Leaving out the pictures, write out exactly each line from the line with "1) beaker [292, 178, 336, 237]" through the close of the listing below.
==== Entries provided
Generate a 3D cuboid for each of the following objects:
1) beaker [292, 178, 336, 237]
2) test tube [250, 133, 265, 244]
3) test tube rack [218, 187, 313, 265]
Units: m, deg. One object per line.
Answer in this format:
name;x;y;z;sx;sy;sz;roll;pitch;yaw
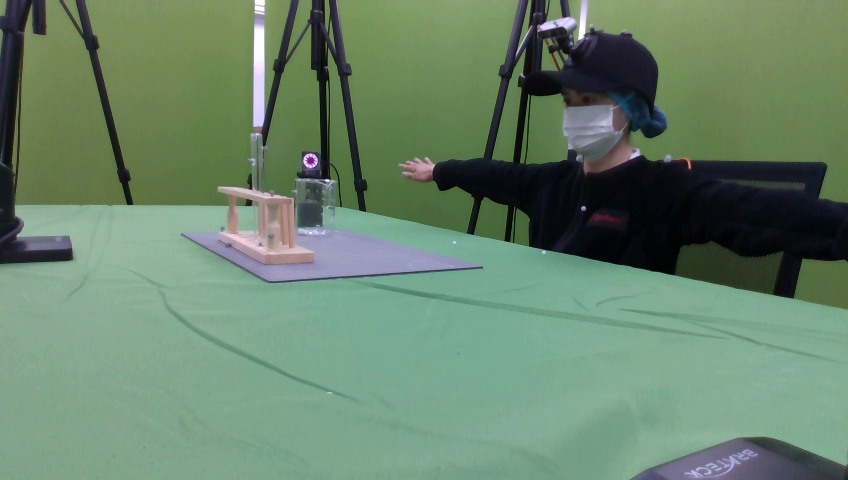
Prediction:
beaker;-0.195;-0.058;1.080;0.074;0.100;0.083;-4;11;-40
test tube;-0.227;-0.070;0.825;0.017;0.150;0.017;-1;3;0
test tube rack;-0.235;-0.027;0.872;0.067;0.085;0.241;-2;8;-32
========
§ **Exercise answer**
1) beaker [292, 178, 336, 237]
2) test tube [250, 133, 265, 244]
3) test tube rack [218, 187, 313, 265]
Units: m, deg. One object per line.
Answer in this format:
name;x;y;z;sx;sy;sz;roll;pitch;yaw
Prediction:
beaker;-0.195;-0.058;1.080;0.074;0.100;0.083;-4;11;-40
test tube;-0.227;-0.070;0.825;0.017;0.150;0.017;-1;3;0
test tube rack;-0.235;-0.027;0.872;0.067;0.085;0.241;-2;8;-32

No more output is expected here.